Exercise directions - Return each line below holding the string "need".

--- START ---

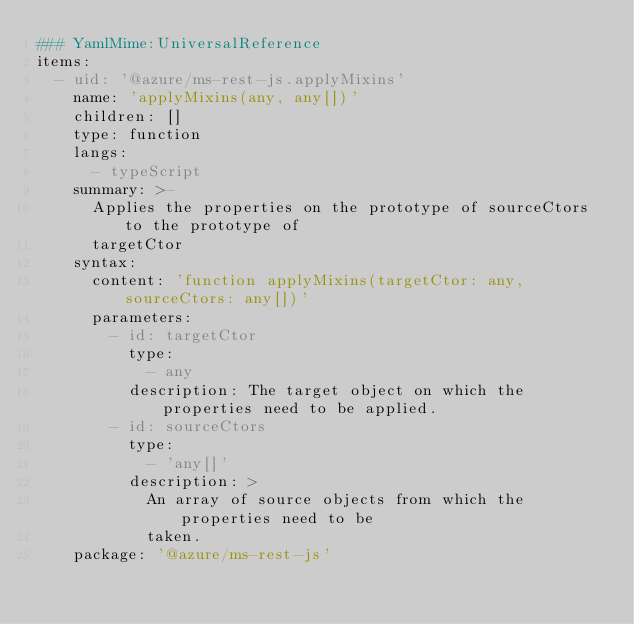<code> <loc_0><loc_0><loc_500><loc_500><_YAML_>### YamlMime:UniversalReference
items:
  - uid: '@azure/ms-rest-js.applyMixins'
    name: 'applyMixins(any, any[])'
    children: []
    type: function
    langs:
      - typeScript
    summary: >-
      Applies the properties on the prototype of sourceCtors to the prototype of
      targetCtor
    syntax:
      content: 'function applyMixins(targetCtor: any, sourceCtors: any[])'
      parameters:
        - id: targetCtor
          type:
            - any
          description: The target object on which the properties need to be applied.
        - id: sourceCtors
          type:
            - 'any[]'
          description: >
            An array of source objects from which the properties need to be
            taken.
    package: '@azure/ms-rest-js'
</code>

--- END ---

Task output -
          description: The target object on which the properties need to be applied.
            An array of source objects from which the properties need to be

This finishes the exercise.